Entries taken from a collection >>
-*-

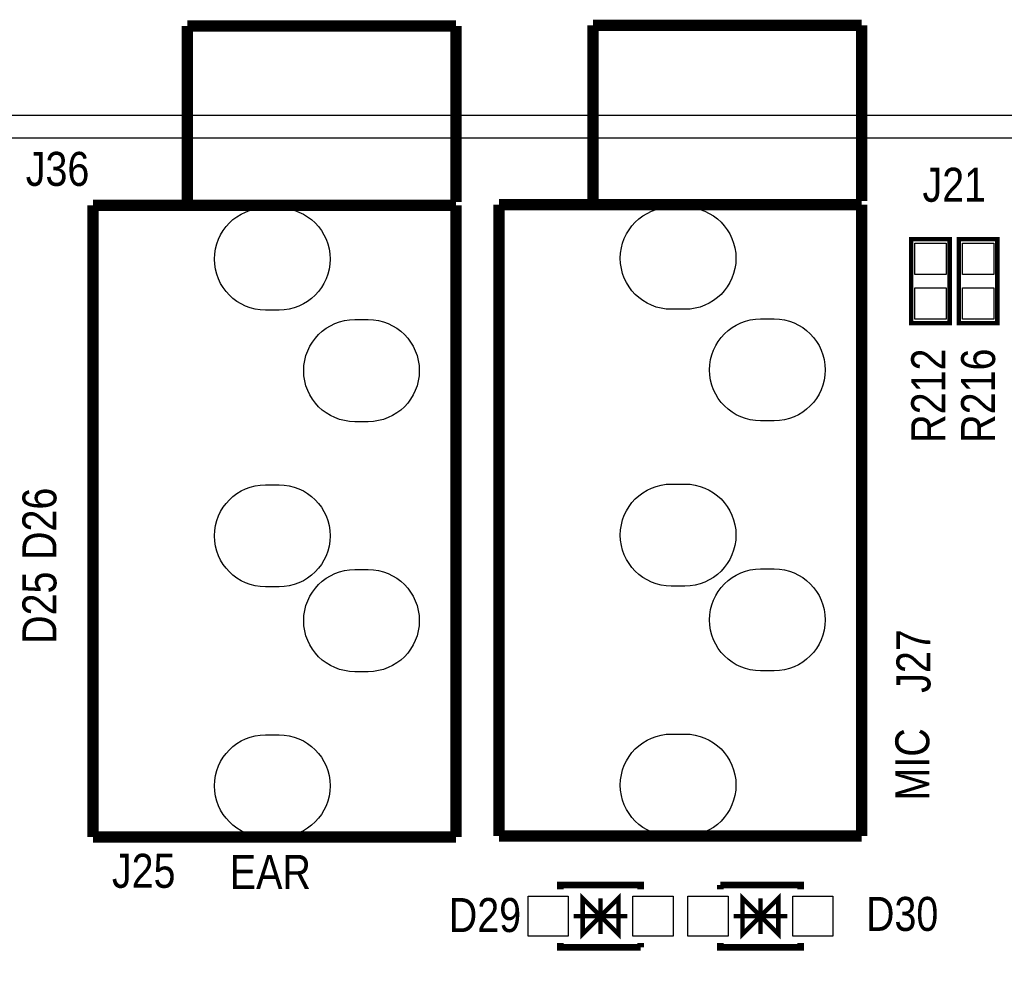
# Model space of a CAD drawing. Extents: x 0 to 158, y 0 to 97.
# Tile 5 of 11: x 29 to 51, y 76 to 97. Entities that reach past the tile are written whole.
import ezdxf
from ezdxf.enums import TextEntityAlignment as Align

# ---------------------------------------------------------------- set-up
doc = ezdxf.new("R2010")
doc.units = 0
doc.header["$MEASUREMENT"] = 0
for name, color, linetype in [('BG_OUTLINE', 12, 'CONTINUOUS'), ('BG_SILKSCREEN_TOP', 7, 'CONTINUOUS'), ('PG_SILKSCREEN_TOP', 253, 'CONTINUOUS'), ('PIN_SOLDERMASK_TOP', 120, 'CONTINUOUS'), ('RD_SILKSCREEN_TOP', 173, 'CONTINUOUS'), ('RKI_ALL', 2, 'CONTINUOUS')]:
    doc.layers.add(name, color=color, linetype=linetype)

msp = doc.modelspace()

# ---------------------------------------------------------------- linework, layer by layer
at = {"layer": 'BG_OUTLINE'}
msp.add_lwpolyline([(1.999996, 0), (155.999993, 0, 0.414213), (157.999989, 1.999996), (157.999989, 92.999992, 0.414215), (155.999993, 94.999988), (1.999996, 94.999988, 0.414214), (0, 92.999992), (0, 1.999996, 0.414212), (1.999996, 0)], format="xyb", dxfattribs=at)
at = {"layer": 'PG_SILKSCREEN_TOP'}
for points, const_width in [([(32.800214, 96.999984), (32.800214, 93.062984)], 0.254), ([(38.820014, 96.999984), (32.800214, 96.999984)], 0.254), ([(38.820014, 93.062984), (38.820014, 96.999984)], 0.254), ([(41.894201, 97.017002), (41.894201, 93.080002)], 0.254), ([(47.914001, 97.017002), (41.894201, 97.017002)], 0.254), ([(47.914001, 93.080002), (47.914001, 97.017002)], 0.254), ([(30.692014, 92.986784), (38.820014, 92.986784)], 0.254), ([(30.692014, 78.838984), (30.692014, 92.986784)], 0.254), ([(38.820014, 92.986784), (38.820014, 78.838984)], 0.254), ([(39.786001, 93.003802), (47.914001, 93.003802)], 0.254), ([(39.786001, 78.856002), (39.786001, 93.003802)], 0.254), ([(47.914001, 93.003802), (47.914001, 78.856002)], 0.254), ([(49.8856, 92.2274), (49.8856, 90.3478), (49.022, 90.3478), (49.022, 92.2274), (49.8856, 92.2274)], 0.1016), ([(50.9524, 92.2274), (50.9524, 90.3478), (50.0888, 90.3478), (50.0888, 92.2274), (50.9524, 92.2274)], 0.1016), ([(47.914001, 78.856002), (39.786001, 78.856002)], 0.254), ([(38.820014, 78.838984), (30.692014, 78.838984)], 0.254), ([(42.962398, 77.663599), (42.962398, 77.763599), (41.162402, 77.763599), (41.162402, 77.663599)], 0.150012), ([(44.743802, 77.763599), (46.543798, 77.763599), (46.543798, 77.663599)], 0.150012), ([(44.743802, 77.763599), (44.743802, 77.663599)], 0.150012), ([(42.0624, 77.0636), (42.462399, 77.463599), (42.462399, 76.663601), (42.0624, 77.0636), (41.662401, 76.663601), (41.662401, 77.463599), (42.0624, 77.0636)], 0.1), ([(42.0624, 77.463599), (42.0624, 76.663601)], 0.1), ([(45.6438, 77.0636), (45.243801, 76.663601), (45.243801, 77.463599), (45.6438, 77.0636), (46.043799, 77.463599), (46.043799, 76.663601), (45.6438, 77.0636)], 0.1), ([(45.6438, 76.663601), (45.6438, 77.463599)], 0.1), ([(42.662399, 77.0636), (41.462401, 77.0636)], 0.1), ([(45.043801, 77.0636), (46.243799, 77.0636)], 0.1), ([(42.962398, 76.363601), (41.162402, 76.363601), (41.162402, 76.463601)], 0.150012), ([(42.962398, 76.363601), (42.962398, 76.463601)], 0.150012), ([(44.743802, 76.463601), (44.743802, 76.363601), (46.543798, 76.363601), (46.543798, 76.463601)], 0.150012)]:
    msp.add_lwpolyline(points, dxfattribs=dict(at, const_width=const_width))
at = {"layer": 'PIN_SOLDERMASK_TOP'}
for points in [[(34.858401, 90.640078), (34.553601, 90.640078, -1), (34.553601, 92.926078), (34.858401, 92.926078, -1)], [(43.952389, 90.657096), (43.647589, 90.657096, -1), (43.647589, 92.943096), (43.952389, 92.943096, -1)], [(36.858397, 88.139981), (36.553597, 88.139981, -1), (36.553597, 90.425981), (36.858397, 90.425981, -1)], [(45.952385, 88.156999), (45.647585, 88.156999, -1), (45.647585, 90.442999), (45.952385, 90.442999, -1)], [(34.858401, 84.439989), (34.553601, 84.439989, -1), (34.553601, 86.725989), (34.858401, 86.725989, -1)], [(43.952389, 84.457007), (43.647589, 84.457007, -1), (43.647589, 86.743007), (43.952389, 86.743007, -1)], [(36.858397, 82.540094), (36.553597, 82.540094, -1), (36.553597, 84.826094), (36.858397, 84.826094, -1)], [(45.952385, 82.557112), (45.647585, 82.557112, -1), (45.647585, 84.843112), (45.952385, 84.843112, -1)], [(34.858401, 78.840076), (34.553601, 78.840076, -1), (34.553601, 81.126076), (34.858401, 81.126076, -1)], [(43.952389, 78.857094), (43.647589, 78.857094, -1), (43.647589, 81.143094), (43.952389, 81.143094, -1)]]:
    msp.add_lwpolyline(points, format="xyb", close=True, dxfattribs=at)
for points in [[(49.103305, 92.137967), (49.804295, 92.137967), (49.804295, 91.436977), (49.103305, 91.436977)], [(50.170105, 92.137967), (50.871095, 92.137967), (50.871095, 91.436977), (50.170105, 91.436977)], [(49.103305, 91.138223), (49.804295, 91.138223), (49.804295, 90.437233), (49.103305, 90.437233)], [(50.170105, 91.138223), (50.871095, 91.138223), (50.871095, 90.437233), (50.170105, 90.437233)], [(41.337395, 77.513599), (41.337395, 76.613601), (40.437397, 76.613601), (40.437397, 77.513599)], [(43.687403, 77.513599), (43.687403, 76.613601), (42.787405, 76.613601), (42.787405, 77.513599)], [(44.018784, 76.613588), (44.018784, 77.513586), (44.918782, 77.513586), (44.918782, 76.613588)], [(46.368792, 76.613588), (46.368792, 77.513586), (47.26879, 77.513586), (47.26879, 76.613588)]]:
    msp.add_lwpolyline(points, close=True, dxfattribs=at)
at = {"layer": 'RKI_ALL'}
msp.add_lwpolyline([(155.999993, 0.499999), (1.999996, 0.499999, -0.414212), (0.499999, 1.999996), (0.499999, 92.999992, -0.414214), (1.999996, 94.499989), (155.999993, 94.499989, -0.414215), (157.49999, 92.999992), (157.49999, 1.999996, -0.414214)], format="xyb", close=True, dxfattribs=at)

# ---------------------------------------------------------------- texts
at = {"layer": 'BG_SILKSCREEN_TOP', "width": 0.866667}
msp.add_text('MIC', height=0.762, rotation=90, dxfattribs=at).set_placement((49.4284, 79.6544))
msp.add_text('EAR', height=0.762, dxfattribs=at).set_placement((33.7566, 77.6732))
at = {"layer": 'RD_SILKSCREEN_TOP', "width": 0.866667}
for s, p in [('J36', (29.8958, 93.4212)), ('J21', (49.9872, 93.0656)), ('J25', (31.8262, 77.6986)), ('D29', (39.4716, 76.708)), ('D30', (48.8188, 76.7334))]:
    msp.add_text(s, height=0.762, dxfattribs=at).set_placement(p, align=Align.CENTER)
for s, p in [('R212', (49.784, 88.7222)), ('R216', (50.9016, 88.7222)), ('D26', (29.8704, 85.852)), ('D25', (29.8704, 83.9724)), ('J27', (49.4538, 82.7786))]:
    msp.add_text(s, height=0.762, rotation=90, dxfattribs=at).set_placement(p, align=Align.CENTER)

doc.saveas('drawing.dxf')

-*-

What is needed >> Search the entries for "dxfattribs" and copy out each line that has it.

Answer space >>
msp.add_lwpolyline([(1.999996, 0), (155.999993, 0, 0.414213), (157.999989, 1.999996), (157.999989, 92.999992, 0.414215), (155.999993, 94.999988), (1.999996, 94.999988, 0.414214), (0, 92.999992), (0, 1.999996, 0.414212), (1.999996, 0)], format="xyb", dxfattribs=at)
    msp.add_lwpolyline(points, dxfattribs=dict(at, const_width=const_width))
    msp.add_lwpolyline(points, format="xyb", close=True, dxfattribs=at)
    msp.add_lwpolyline(points, close=True, dxfattribs=at)
msp.add_lwpolyline([(155.999993, 0.499999), (1.999996, 0.499999, -0.414212), (0.499999, 1.999996), (0.499999, 92.999992, -0.414214), (1.999996, 94.499989), (155.999993, 94.499989, -0.414215), (157.49999, 92.999992), (157.49999, 1.999996, -0.414214)], format="xyb", close=True, dxfattribs=at)
msp.add_text('MIC', height=0.762, rotation=90, dxfattribs=at).set_placement((49.4284, 79.6544))
msp.add_text('EAR', height=0.762, dxfattribs=at).set_placement((33.7566, 77.6732))
    msp.add_text(s, height=0.762, dxfattribs=at).set_placement(p, align=Align.CENTER)
    msp.add_text(s, height=0.762, rotation=90, dxfattribs=at).set_placement(p, align=Align.CENTER)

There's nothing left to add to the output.